Repeat the listing below in full and exactly, but without its pictures.

Source data ->
..............................
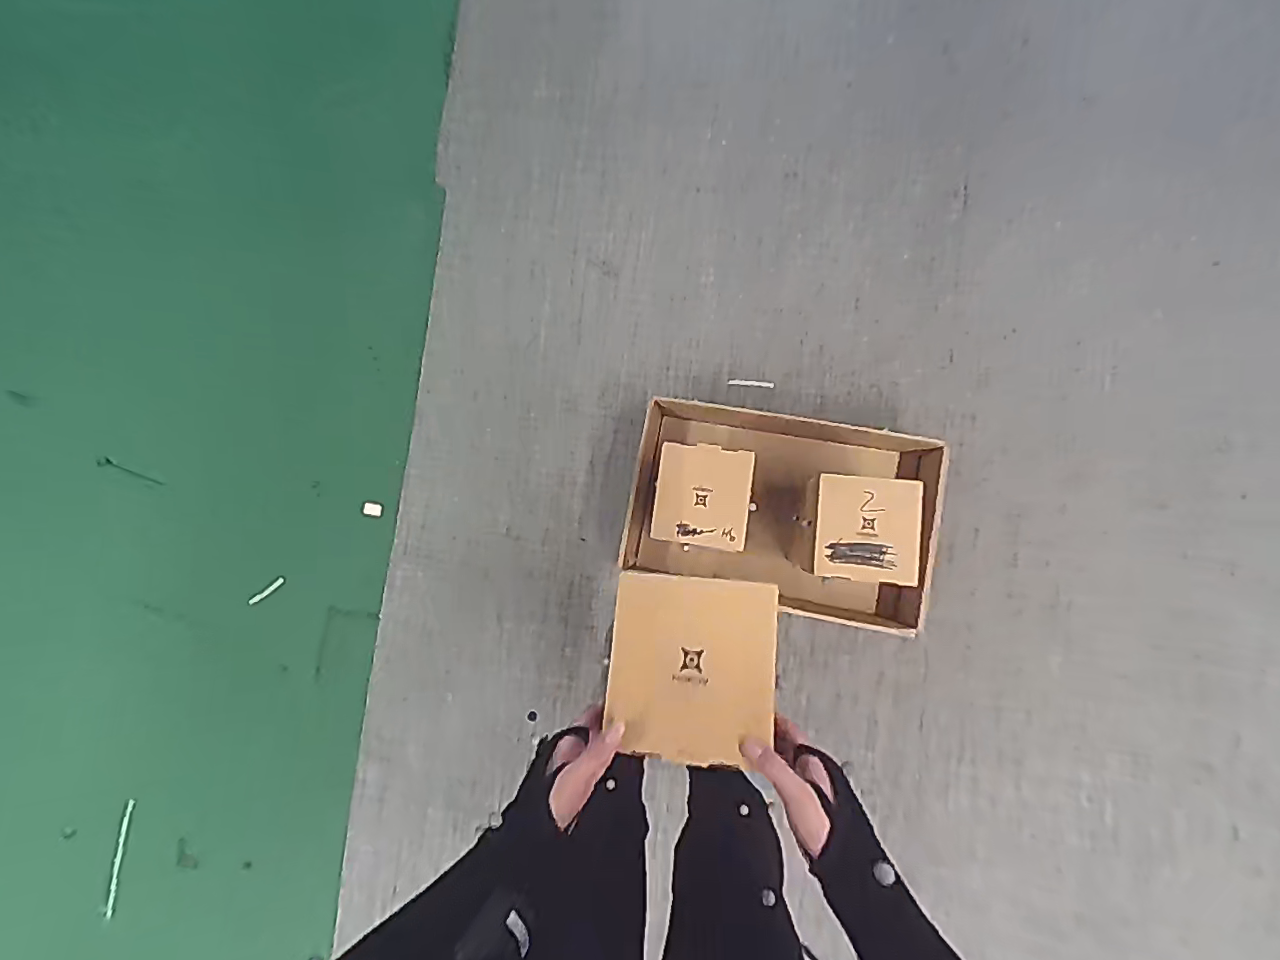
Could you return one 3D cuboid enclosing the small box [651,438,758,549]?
[{"bbox_3d":[0.123,0.030,1.015,0.168,0.176,0.179,8,84,10],"label":"small box"}]

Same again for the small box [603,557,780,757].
[{"bbox_3d":[0.062,0.192,0.613,0.168,0.176,0.179,4,75,8],"label":"small box"}]
..............................
Reply ->
Could you return one 3D cuboid enclosing the small box [651,438,758,549]?
[{"bbox_3d":[0.123,0.030,1.015,0.168,0.176,0.179,8,84,10],"label":"small box"}]

Same again for the small box [603,557,780,757].
[{"bbox_3d":[0.062,0.192,0.613,0.168,0.176,0.179,4,75,8],"label":"small box"}]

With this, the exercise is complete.